The Monday Media Diet with Caitlin Thompson of Racquet Magazine
On magazines, tennis, and recovery
Caitlin Thompson (CT) co-founded one of our favorite indie mags, hipped to us by pal (and essential Twitter follow) Chris Black. Racquet is a beautifully designed magazine about tennis. The writing is great and we highly suggest you subscribe if you love the sport as we do. She was kind enough to share some recent reading and inspiration. Have a great week. -Colin (CJN)
Tell us about yourself.
I’m the co-founder of Racquet, a media company about the culture of tennis. We make a print quarterly, podcasts and strategy and creative work about making the sport more vibrant and accessible. Before we started the company in 2016, I worked at a bunch of different media companies—The Washington Post, TIME, WNYC, and public television as well as a Swedish podcast platform. I’m a recovering political journalist and I have a lot of very strong opinions about media that I try to channel into our company’s strategy, but I sometimes can’t help myself and spout off on Twitter, to nobody’s benefit.
Describe your media diet.
Sort of rapacious, I’m-not-ok level addicted to my phone and my wife works in an analog field and understands it zero percent. Twitter influences most of this—I’m always DMing people to get them to write for us and trying to find ideas and voices and material for Racquet. I would say I hate it, but I don’t and I probably won’t quit Twitter until Racquet is big enough that I can afford to hire an assistant who comes to find me on the tennis court if something needs my immediate attention.

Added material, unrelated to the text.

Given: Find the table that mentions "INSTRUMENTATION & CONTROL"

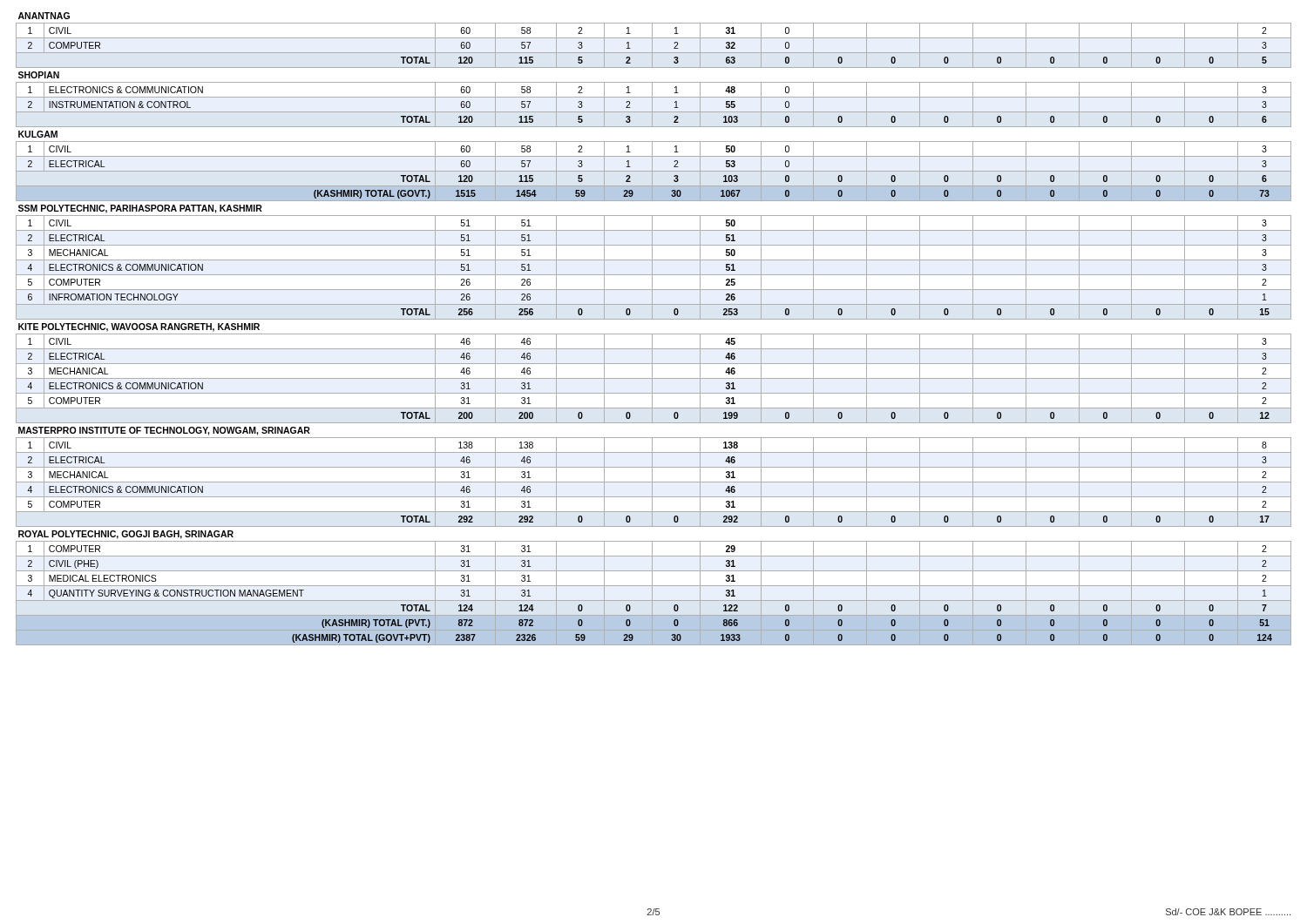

I fell in love with Esquire at 15 and decided to start a magazine before I even got to college (where I studied magazine journalism on a tennis scholarship), and that really made me study and seek out long-form feature reporting and voice-led essays and takes. Where you get that specific flavor keeps changing—right now it’s podcasts, The Cut, newsletters about things I understand like tennis and food and things I don’t, like fashion—but it’s definitely what I seek out and consume the most. I read the Sunday New York Times and New York and The New Yorker in print because reading about current events is too triggering in real-time on the internet (I think it’s PTSD from covering a few presidential campaigns in my prior life) and I like buying print things to both support print people but also because I like the sensory experience. Going into Casa or Mast or Shreeji when I’m in London is so nice because the people who work there also love magazines and will talk to you a ton about what’s happening and what’s new. It’s very town square if you make a magazine.

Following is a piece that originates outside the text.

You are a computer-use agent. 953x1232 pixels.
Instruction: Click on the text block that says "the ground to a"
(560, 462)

What’s the last great book you read?
I just put down the last book in N.K. Jemisin’s Broken Earth Trilogy and I’m feeling intensely bereft and directionless the way you do when something sort of epic is over—this is what I felt like when I finished Lincoln in the Bardo or 2666 or 4321. I don’t love fantasy as much as sci-fi, but her vision and world-building ended up culminating in something really profound and moving, and I love how genre books have to progress forward with plot instead of just vibes. I also finished Ursula K. LeGuin’s classic book Left Hand of Darkness a few weeks ago, and I’m still thinking about how far ahead of her time she was in framing gender and politics and it’s just a subtle, beautifully written book but also there are spaceships. This is my plug for everyone to nerd hard and read sci-fi and fantasy women if they haven’t already.
What are you reading now?
Despite earlier comments, I’m not mad at novels that are more of a vibe, and I’m about to start Ottessa Moshfegh’s Death in Her Hands. At some point soon I’ll read Britt Bennet’s book, The Vanishing Half, for my book club. I have quit and un-quit my book club several times in the past decade, and I’d explain more about this, but several members insisted on a no-public-disparagement clause as part of my latest terms of re-admittance. You can fact check that. I’m also sort of picking here and there at a collection of Werner Herzog interviews called Herzog on Herzog (obviously) and messing around with a book called Late Fame by Arthur Schnitzler that some lovely friends sent me as part of a care package, which I wouldn't have found on my own but am into so far.
What’s your reading strategy when you pick up a print copy of your favorite publication?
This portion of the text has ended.